=== DATA SHOWN ===

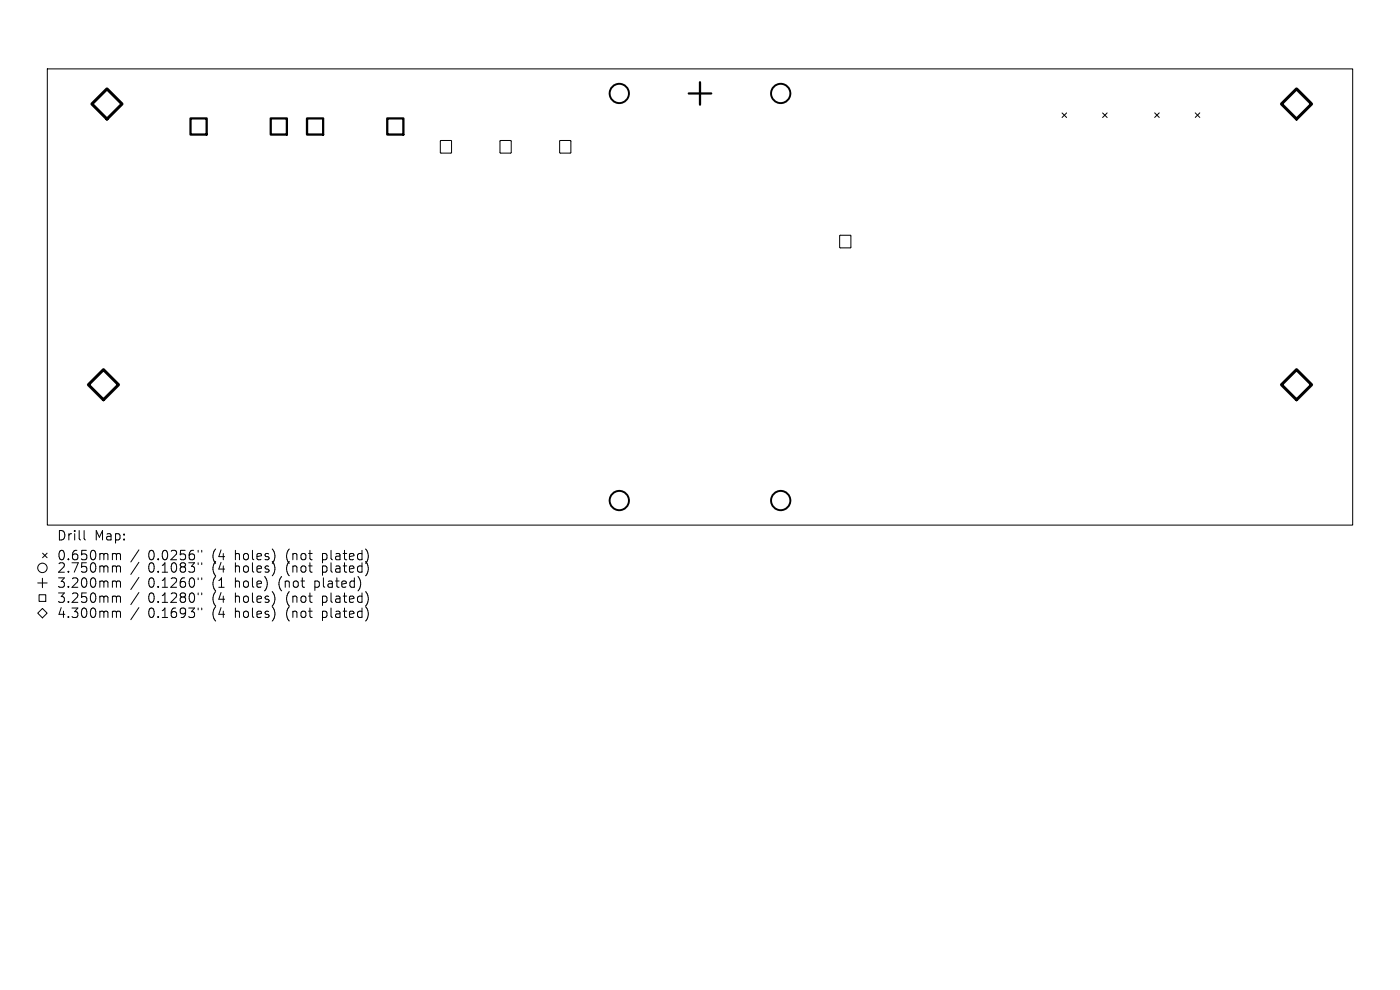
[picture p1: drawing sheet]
<svg xmlns="http://www.w3.org/2000/svg" width="297mm" height="210mm" viewBox="0 0 297 210" stroke-linecap="round" stroke-linejoin="round" font-family="sans-serif">
<defs><g id="words">
<g font-size="2.8">
<text x="12" y="114.9">Drill</text>
<text x="12" y="119.1">0.650mm</text>
<text x="20" y="114.9">Map:</text>
<text x="31.4" y="119.1">0.0256&quot;</text>
<text x="45.2" y="119.1">(4</text>
<text x="50.1" y="119.1">holes)</text>
<text x="61.2" y="119.1">(not</text>
<text x="69" y="119.1">plated)</text>
<text x="12" y="121.8">2.750mm</text>
<text x="12" y="125">3.200mm</text>
<text x="31.4" y="121.8">0.1083&quot;</text>
<text x="31.4" y="125">0.1260&quot;</text>
<text x="45.2" y="121.8">(4</text>
<text x="45.2" y="125">(1</text>
<text x="50.1" y="121.8">holes)</text>
<text x="50.1" y="125">hole)</text>
<text x="59.6" y="125">(not</text>
<text x="61.2" y="121.8">(not</text>
<text x="67.4" y="125">plated)</text>
<text x="69" y="121.8">plated)</text>
<text x="12" y="128.2">3.250mm</text>
<text x="12" y="131.4">4.300mm</text>
<text x="31.4" y="128.2">0.1280&quot;</text>
<text x="31.4" y="131.4">0.1693&quot;</text>
<text x="45.2" y="128.2">(4</text>
<text x="45.2" y="131.4">(4</text>
<text x="50.1" y="128.2">holes)</text>
<text x="50.1" y="131.4">holes)</text>
<text x="61.2" y="128.2">(not</text>
<text x="61.2" y="131.4">(not</text>
<text x="69" y="128.2">plated)</text>
<text x="69" y="131.4">plated)</text>
</g>
</g></defs>
<g fill="none" stroke="#000" stroke-width=".21">
<path d="M10 14.6h277v96.8h-277zM93.5 29.8l2.3 .1-.1 2.5h-2.3zM106.1 29.8l2.3 .1v2.5h-2.3zM118.8 29.8l2.3 .1v2.5h-2.3zM225.3 24l1 .9M226.3 24l-1 .9M233.9 24l1 .9M234.9 24l-1 .9M245 23.9l.9 1M245.9 23.9l-.9 1M253.6 23.9l.9 1M254.5 23.9l-.9 1"/>
<path d="M178.2 49.9l2.3 .1v2.5h-2.3zM9 117.3l1 1M10 117.3l-1 1M17.8 112.5v1.8l.3 .2M24.1 117.4l.5 .1 .1 .2M24.7 117.7l.3-.3 .5 .1 .1 1.2M24.7 117.7v1M29.5 116.6l-1.7 2.6M29.5 119.3l-1.7 2.6M42 116.7v.4M42 119.4v.4M42.8 116.7v.4"/>
<path d="M42.8 119.4v.4M8 123.7h2M8.3 126.2h1.4v1.4h-1.4zM9 129.1l1 1-1 1-1-1zM9 122.7v2M24.1 120h.3l.3 .3M24.1 123.2l.5 .1 .1 .2M24.1 126.4l.5 .1 .1 .2M24.1 129.6l.5 .1 .1 .2M24.7 120.3v1.1M24.7 123.5v1.1M24.7 126.7v1.1"/>
<path d="M24.7 129.9v1.1M24.7 120.3l.3-.3 .5 .1 .1 1.3M24.7 123.5l.3-.3 .5 .1 .1 1.3M24.7 126.7l.3-.3 .5 .1 .1 1.3M24.7 129.9l.3-.3 .5 .1 .1 1.3M29.5 122.5l-1.7 2.6M29.5 125.7l-1.7 2.6M29.5 128.9l-1.7 2.6M42 122.6v.4M42 125.8v.4M42 129v.4M42.8 122.6v.4"/>
<path d="M42.8 125.8v.4M42.8 129v.4"/>
<circle cx="9" cy="120.5" r="1"/>
</g>
<g fill="none" stroke="#000" stroke-width=".41">
<circle cx="131.4" cy="19.8" r="2.05"/>
<circle cx="165.6" cy="19.8" r="2.05"/>
<circle cx="131.4" cy="106.2" r="2.05"/>
<circle cx="165.6" cy="106.2" r="2.05"/>
</g>
<path d="M146.1 19.8h4.8M148.5 17.4v4.8M40.4 25.1h3.4v3.4h-3.4zM57.4 25.1h3.5v3.4h-3.5zM65.1 25.1h3.5v3.4h-3.5zM82.2 25.1h3.4v3.4h-3.4z" fill="none" stroke="#000" stroke-width=".48"/>
<path d="M19.5 22.1l3.2-3.2 3.2 3.2-3.2 3.2zM271.9 22.1l3.2-3.2 3.2 3.2-3.2 3.2zM275.1 78.4l3.2 3.2-3.2 3.2-3.2-3.2zM18.7 81.6l3.2-3.2 3.2 3.2-3.2 3.2z" fill="none" stroke="#000" stroke-width=".64"/>
<use href="#words"/>
</svg>

===

→ TASK DESCRIPTION: Give again, exactly, the lines starting at the first entry above and ending at the line with "49.9l2.3 .1v2.5h-2.3zM9 117.3l1"; please leave pictures out.

→ WRITTEN SOLUTION:
[picture p1: drawing sheet]
<svg xmlns="http://www.w3.org/2000/svg" width="297mm" height="210mm" viewBox="0 0 297 210" stroke-linecap="round" stroke-linejoin="round" font-family="sans-serif">
<defs><g id="words">
<g font-size="2.8">
<text x="12" y="114.9">Drill</text>
<text x="12" y="119.1">0.650mm</text>
<text x="20" y="114.9">Map:</text>
<text x="31.4" y="119.1">0.0256&quot;</text>
<text x="45.2" y="119.1">(4</text>
<text x="50.1" y="119.1">holes)</text>
<text x="61.2" y="119.1">(not</text>
<text x="69" y="119.1">plated)</text>
<text x="12" y="121.8">2.750mm</text>
<text x="12" y="125">3.200mm</text>
<text x="31.4" y="121.8">0.1083&quot;</text>
<text x="31.4" y="125">0.1260&quot;</text>
<text x="45.2" y="121.8">(4</text>
<text x="45.2" y="125">(1</text>
<text x="50.1" y="121.8">holes)</text>
<text x="50.1" y="125">hole)</text>
<text x="59.6" y="125">(not</text>
<text x="61.2" y="121.8">(not</text>
<text x="67.4" y="125">plated)</text>
<text x="69" y="121.8">plated)</text>
<text x="12" y="128.2">3.250mm</text>
<text x="12" y="131.4">4.300mm</text>
<text x="31.4" y="128.2">0.1280&quot;</text>
<text x="31.4" y="131.4">0.1693&quot;</text>
<text x="45.2" y="128.2">(4</text>
<text x="45.2" y="131.4">(4</text>
<text x="50.1" y="128.2">holes)</text>
<text x="50.1" y="131.4">holes)</text>
<text x="61.2" y="128.2">(not</text>
<text x="61.2" y="131.4">(not</text>
<text x="69" y="128.2">plated)</text>
<text x="69" y="131.4">plated)</text>
</g>
</g></defs>
<g fill="none" stroke="#000" stroke-width=".21">
<path d="M10 14.6h277v96.8h-277zM93.5 29.8l2.3 .1-.1 2.5h-2.3zM106.1 29.8l2.3 .1v2.5h-2.3zM118.8 29.8l2.3 .1v2.5h-2.3zM225.3 24l1 .9M226.3 24l-1 .9M233.9 24l1 .9M234.9 24l-1 .9M245 23.9l.9 1M245.9 23.9l-.9 1M253.6 23.9l.9 1M254.5 23.9l-.9 1"/>
<path d="M178.2 49.9l2.3 .1v2.5h-2.3zM9 117.3l1 1M10 117.3l-1 1M17.8 112.5v1.8l.3 .2M24.1 117.4l.5 .1 .1 .2M24.7 117.7l.3-.3 .5 .1 .1 1.2M24.7 117.7v1M29.5 116.6l-1.7 2.6M29.5 119.3l-1.7 2.6M42 116.7v.4M42 119.4v.4M42.8 116.7v.4"/>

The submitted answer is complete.